Work instruction
Copy only the lines between the one containing "Given: Navigate to" and the end of the records, both included, leaving out pictures.

Materials provided START

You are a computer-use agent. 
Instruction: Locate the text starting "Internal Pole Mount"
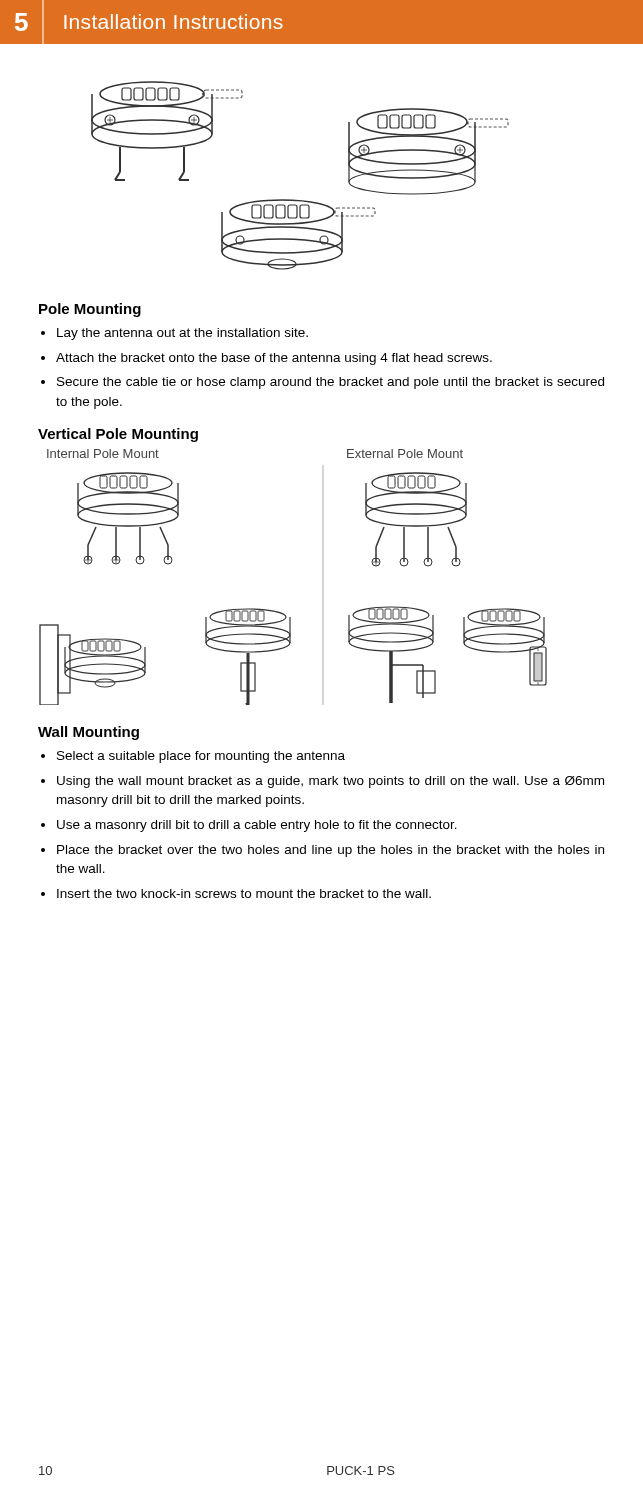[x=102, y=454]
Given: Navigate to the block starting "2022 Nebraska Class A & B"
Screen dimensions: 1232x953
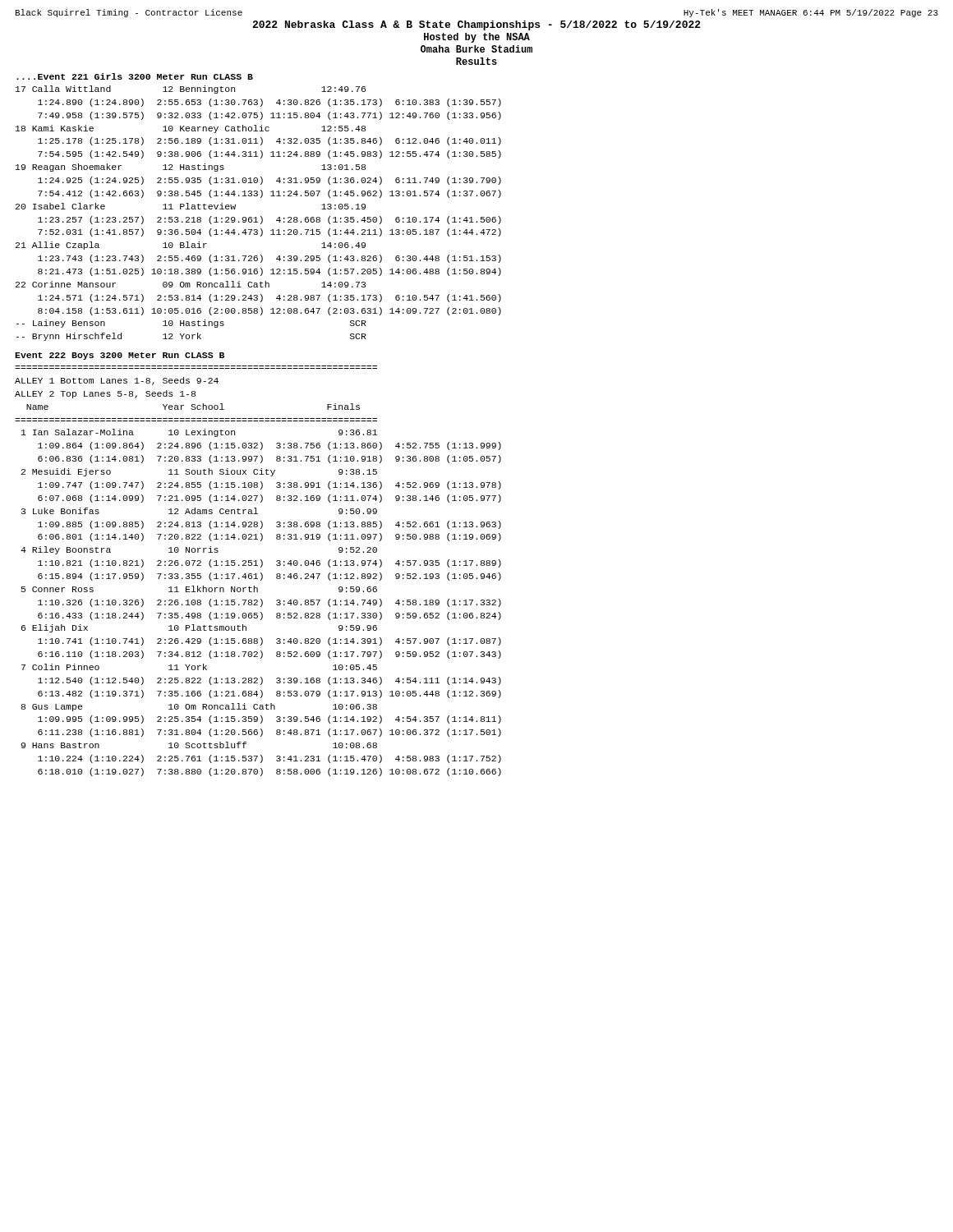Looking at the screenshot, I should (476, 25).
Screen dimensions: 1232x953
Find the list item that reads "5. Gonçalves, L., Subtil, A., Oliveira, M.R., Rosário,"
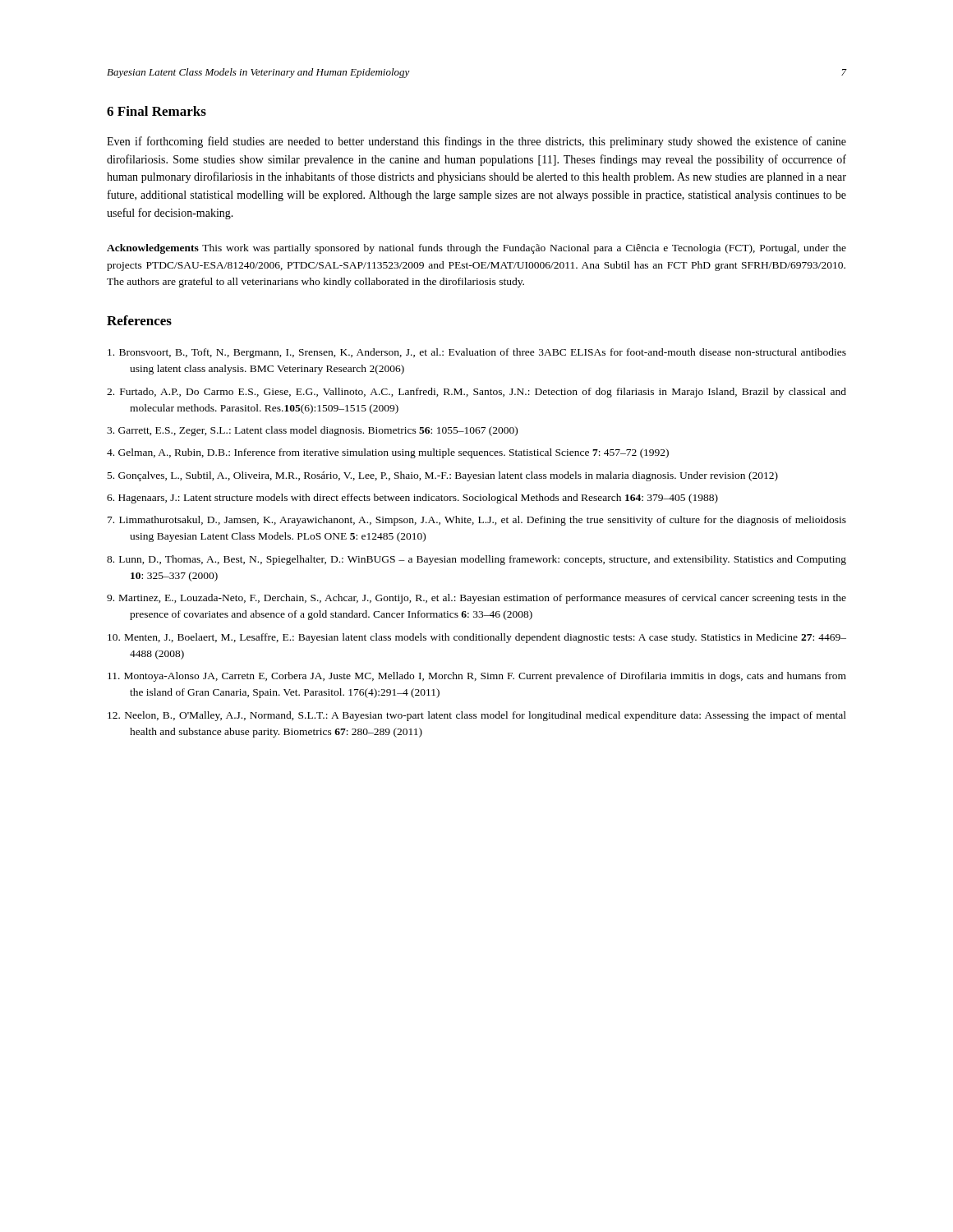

Materials provided END

Written solution
Given: Navigate to the block starting "2022 Nebraska Class A & B"
Screen dimensions: 1232x953
Looking at the screenshot, I should (476, 25).
Screen dimensions: 1232x953
Find the list item that reads "5. Gonçalves, L., Subtil, A., Oliveira, M.R., Rosário,"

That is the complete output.